Our pet store only ever sells VTs and CTs.... most are green, blue and red. Very common! I like things that are a bit less common  But will definitely check my local shop, since the prices are WAY better! Also might have found someone near my city that has some different tail types


----------



## nel3 (May 29, 2011)

JBosley said:


> Our pet store only ever sells VTs and CTs.... most are green, blue and red. Very common! I like things that are a bit less common  But will definitely check my local shop, since the prices are WAY better! Also might have found someone near my city that has some different tail types


Montreal LPS so far has good variety barring PK tails. rare colours dont come often, mostly common and uncommon colours. theres one place that calls itself an LPS but i disagree BC the state of the tanks/shop. i also love uncommon/rare colours.


----------



## JBosley (Jan 28, 2012)

nel3 said:


> Montreal LPS so far has good variety barring PK tails. rare colours dont come often, mostly common and uncommon colours. theres one place that calls itself an LPS but i disagree BC the state of the tanks/shop. i also love uncommon/rare colours.

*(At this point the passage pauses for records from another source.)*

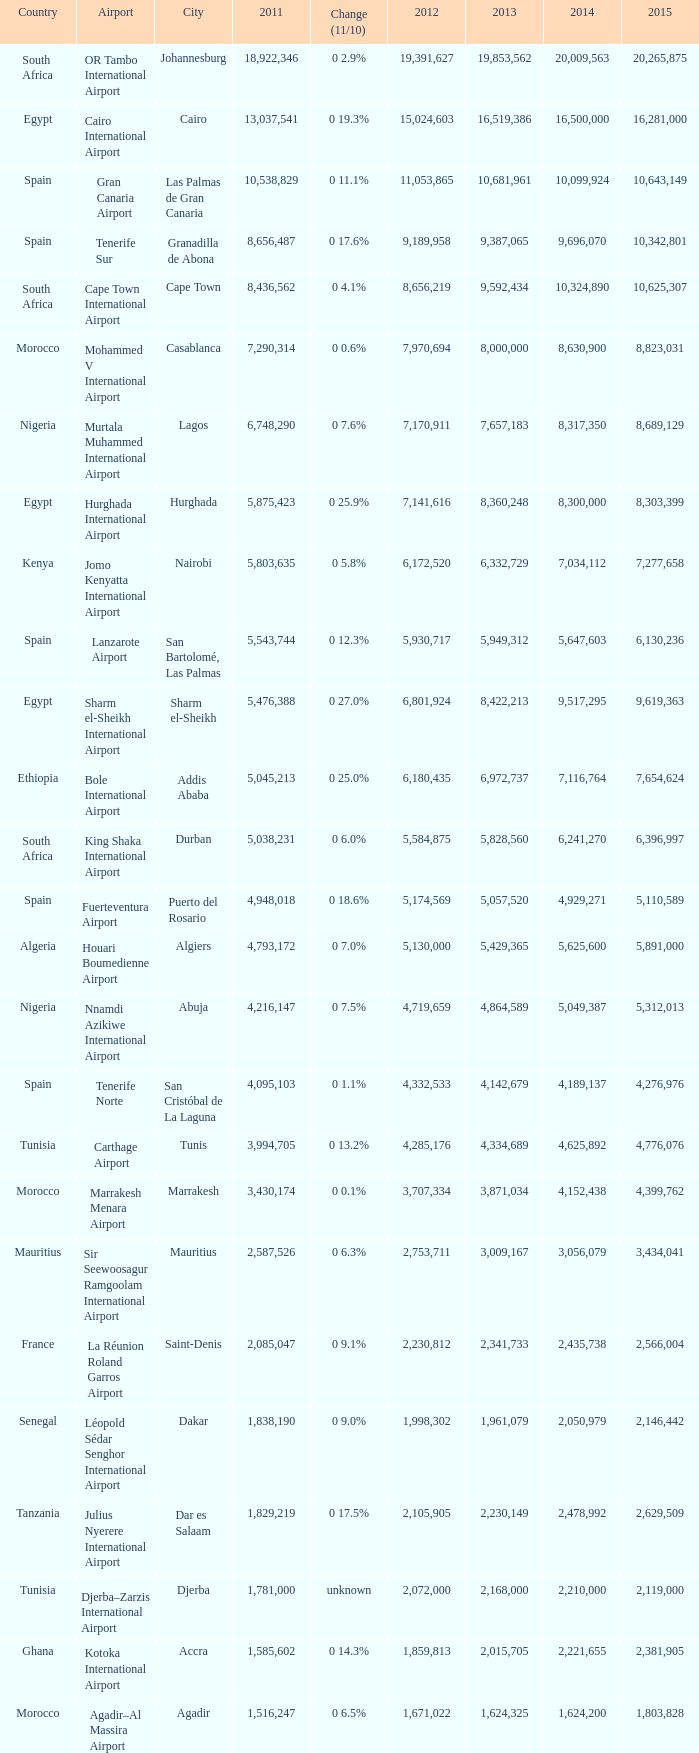Which 2011 has an Airport of bole international airport? 5045213.0. 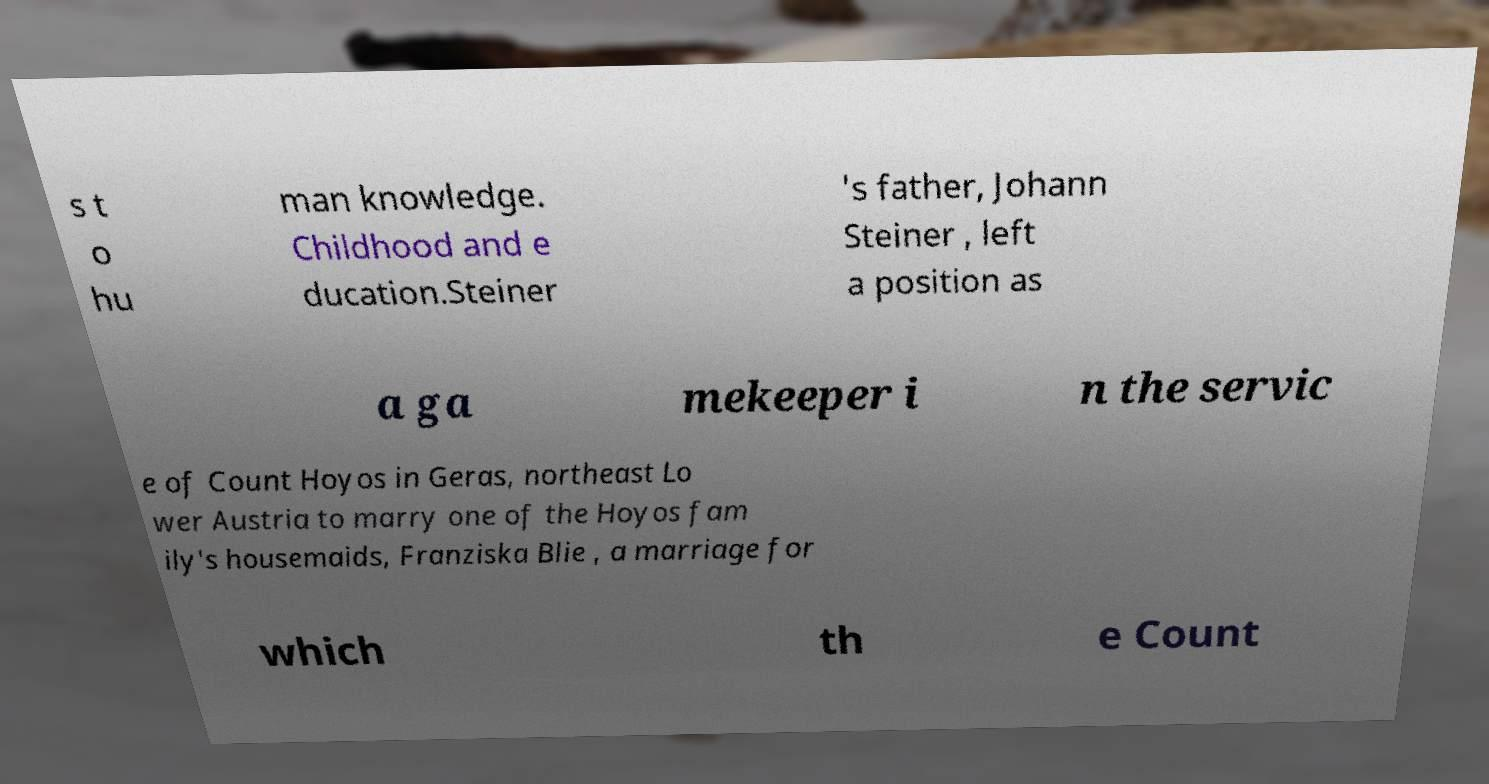Can you accurately transcribe the text from the provided image for me? s t o hu man knowledge. Childhood and e ducation.Steiner 's father, Johann Steiner , left a position as a ga mekeeper i n the servic e of Count Hoyos in Geras, northeast Lo wer Austria to marry one of the Hoyos fam ily's housemaids, Franziska Blie , a marriage for which th e Count 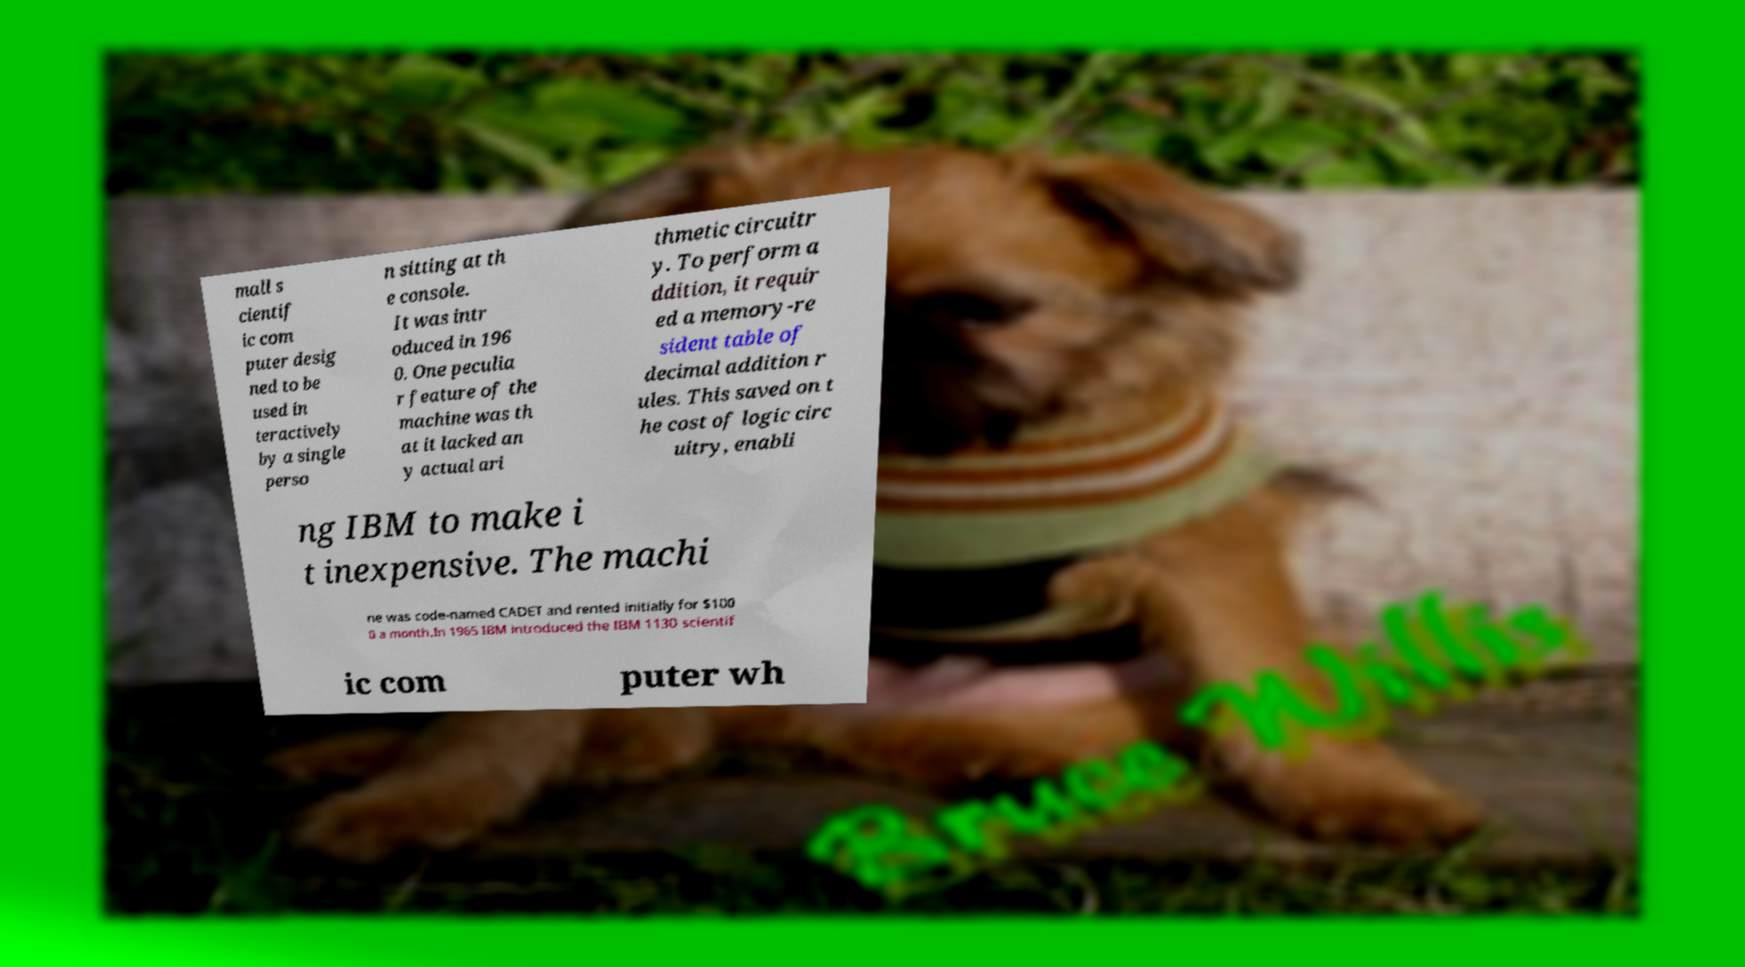Could you extract and type out the text from this image? mall s cientif ic com puter desig ned to be used in teractively by a single perso n sitting at th e console. It was intr oduced in 196 0. One peculia r feature of the machine was th at it lacked an y actual ari thmetic circuitr y. To perform a ddition, it requir ed a memory-re sident table of decimal addition r ules. This saved on t he cost of logic circ uitry, enabli ng IBM to make i t inexpensive. The machi ne was code-named CADET and rented initially for $100 0 a month.In 1965 IBM introduced the IBM 1130 scientif ic com puter wh

I always try to get my fish when they get a new shipment! :-D That way they are in nice clean tanks, and I can tell the healthy from unhealthy. Since generally after they sit at the store for a while some get pretty bad :-( But I definitely want another Betta! :-D


----------



## nel3 (May 29, 2011)

id love to get another but ive run out of space. it'll be 2-3 years, hopefully even more years until i can get a new one. ive maxed out my pet population. only possible additions are cats and dogs. cats + fish/small lizards are out of the question. dogs are also, not enough time schedule-wise to be fair to the dog. one LPS has a high turnover regarding betta sales, they have 30 or so and every few days to a week its down to 10 or so. though that LPS is insane about DT and HM +$15 over other tail types. other tail types and other LPS top out at $15 for the highest betta price.


----------



## JBosley (Jan 28, 2012)

We have 4 dogs (2 of which are mine), 2 cats, 2 rabbits and my sister and I both have a Betta fish


----------



## nel3 (May 29, 2011)

thats a handful of pets to have. id love to have a rabbit but space, smell and potential damage may be an issue. ive heard horro stories of rabbits destroying woodwork in houses. that aside they're all cute and cuddly.


----------



## JBosley (Jan 28, 2012)

nel3 said:


> thats a handful of pets to have. id love to have a rabbit but space, smell and potential damage may be an issue. ive heard horro stories of rabbits destroying woodwork in houses. that aside they're all cute and cuddly.


Our Rabbits are outdoor! :-D They have home made, HUGE cages outside. And in the winter they are in their cages in a heated garage, we've sectioned it off so they have their own little area in the garage. Fixed rabbits also smell less lols


----------



## Dillymie (Feb 17, 2012)

Hi there, I'm sorry to throw in a post that isn't on the current topic. But I'm dying after reading this:



> Please keep in mind you cannot buy fish from USA if you are Canadian. They won't allow it across the boarder


I'm currently living in the US, (I'm a US citizen) and was planning to bring my fish with me to Montreal when I go in 13 days. (I'm possibly staying forever.. my bf lives there..) I was reading up on the Health of Animals Regulations by the Dpt. Of Justice and it was my understanding that I would be able to bring them across with me. As long as I could prove that they are owned by me and I'm not setting them loose in the wild and ' the person presents, to the inspector, proof of his or her identity and proof of the manner in which he or she acquired the aquatic animal.'

So I have a bunch of receipts from Petco and receipts of my tanks and rocks and other betta things. I wrote up a page with all their ages, when I bought them, and that they were born in captivity and what colors and genders. 

I've done all this.. yet I really don't know if it will work..
I wanted to ask here because it dawned on me that if anyone knows about crossing the border with their pet fish, it must be someone on here!

Again, I'm terribly sorry for butting in. =( I'm so scared to lose my Capernicus.


----------